##### Available data

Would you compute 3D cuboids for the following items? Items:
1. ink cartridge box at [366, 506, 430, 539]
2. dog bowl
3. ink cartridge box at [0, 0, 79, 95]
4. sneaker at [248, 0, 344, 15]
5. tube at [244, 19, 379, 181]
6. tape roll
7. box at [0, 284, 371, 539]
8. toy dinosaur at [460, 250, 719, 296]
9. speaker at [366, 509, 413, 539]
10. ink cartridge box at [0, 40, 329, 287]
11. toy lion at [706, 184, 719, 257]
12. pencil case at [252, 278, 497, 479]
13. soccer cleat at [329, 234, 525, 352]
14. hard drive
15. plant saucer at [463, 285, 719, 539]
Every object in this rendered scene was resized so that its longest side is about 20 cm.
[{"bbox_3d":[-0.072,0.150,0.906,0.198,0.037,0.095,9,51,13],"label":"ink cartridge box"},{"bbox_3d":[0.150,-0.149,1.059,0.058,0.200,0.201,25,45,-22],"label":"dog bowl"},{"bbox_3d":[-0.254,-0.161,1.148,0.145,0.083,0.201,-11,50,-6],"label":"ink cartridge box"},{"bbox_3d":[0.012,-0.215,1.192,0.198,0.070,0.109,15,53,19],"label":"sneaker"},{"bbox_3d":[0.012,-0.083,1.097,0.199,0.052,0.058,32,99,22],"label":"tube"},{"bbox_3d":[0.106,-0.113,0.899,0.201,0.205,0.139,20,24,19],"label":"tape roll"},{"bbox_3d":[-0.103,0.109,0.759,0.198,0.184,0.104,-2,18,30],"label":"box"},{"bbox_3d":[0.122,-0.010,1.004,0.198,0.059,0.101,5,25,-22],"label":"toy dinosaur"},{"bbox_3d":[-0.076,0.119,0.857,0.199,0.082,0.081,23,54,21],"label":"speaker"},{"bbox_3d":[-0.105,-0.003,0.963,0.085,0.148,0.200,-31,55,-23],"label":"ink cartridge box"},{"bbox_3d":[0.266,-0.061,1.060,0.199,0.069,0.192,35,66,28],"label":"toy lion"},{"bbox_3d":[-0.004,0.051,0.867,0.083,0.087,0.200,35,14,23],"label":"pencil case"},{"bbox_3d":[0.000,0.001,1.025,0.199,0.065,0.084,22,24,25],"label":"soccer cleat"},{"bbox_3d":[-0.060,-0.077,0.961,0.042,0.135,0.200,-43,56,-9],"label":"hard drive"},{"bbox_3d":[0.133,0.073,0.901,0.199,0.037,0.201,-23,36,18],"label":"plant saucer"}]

##########

:: Required work ::
Every record must be repeated precisely and in full.

:: Reply ::
Would you compute 3D cuboids for the following items? Items:
1. ink cartridge box at [366, 506, 430, 539]
2. dog bowl
3. ink cartridge box at [0, 0, 79, 95]
4. sneaker at [248, 0, 344, 15]
5. tube at [244, 19, 379, 181]
6. tape roll
7. box at [0, 284, 371, 539]
8. toy dinosaur at [460, 250, 719, 296]
9. speaker at [366, 509, 413, 539]
10. ink cartridge box at [0, 40, 329, 287]
11. toy lion at [706, 184, 719, 257]
12. pencil case at [252, 278, 497, 479]
13. soccer cleat at [329, 234, 525, 352]
14. hard drive
15. plant saucer at [463, 285, 719, 539]
Every object in this rendered scene was resized so that its longest side is about 20 cm.
[{"bbox_3d":[-0.072,0.150,0.906,0.198,0.037,0.095,9,51,13],"label":"ink cartridge box"},{"bbox_3d":[0.150,-0.149,1.059,0.058,0.200,0.201,25,45,-22],"label":"dog bowl"},{"bbox_3d":[-0.254,-0.161,1.148,0.145,0.083,0.201,-11,50,-6],"label":"ink cartridge box"},{"bbox_3d":[0.012,-0.215,1.192,0.198,0.070,0.109,15,53,19],"label":"sneaker"},{"bbox_3d":[0.012,-0.083,1.097,0.199,0.052,0.058,32,99,22],"label":"tube"},{"bbox_3d":[0.106,-0.113,0.899,0.201,0.205,0.139,20,24,19],"label":"tape roll"},{"bbox_3d":[-0.103,0.109,0.759,0.198,0.184,0.104,-2,18,30],"label":"box"},{"bbox_3d":[0.122,-0.010,1.004,0.198,0.059,0.101,5,25,-22],"label":"toy dinosaur"},{"bbox_3d":[-0.076,0.119,0.857,0.199,0.082,0.081,23,54,21],"label":"speaker"},{"bbox_3d":[-0.105,-0.003,0.963,0.085,0.148,0.200,-31,55,-23],"label":"ink cartridge box"},{"bbox_3d":[0.266,-0.061,1.060,0.199,0.069,0.192,35,66,28],"label":"toy lion"},{"bbox_3d":[-0.004,0.051,0.867,0.083,0.087,0.200,35,14,23],"label":"pencil case"},{"bbox_3d":[0.000,0.001,1.025,0.199,0.065,0.084,22,24,25],"label":"soccer cleat"},{"bbox_3d":[-0.060,-0.077,0.961,0.042,0.135,0.200,-43,56,-9],"label":"hard drive"},{"bbox_3d":[0.133,0.073,0.901,0.199,0.037,0.201,-23,36,18],"label":"plant saucer"}]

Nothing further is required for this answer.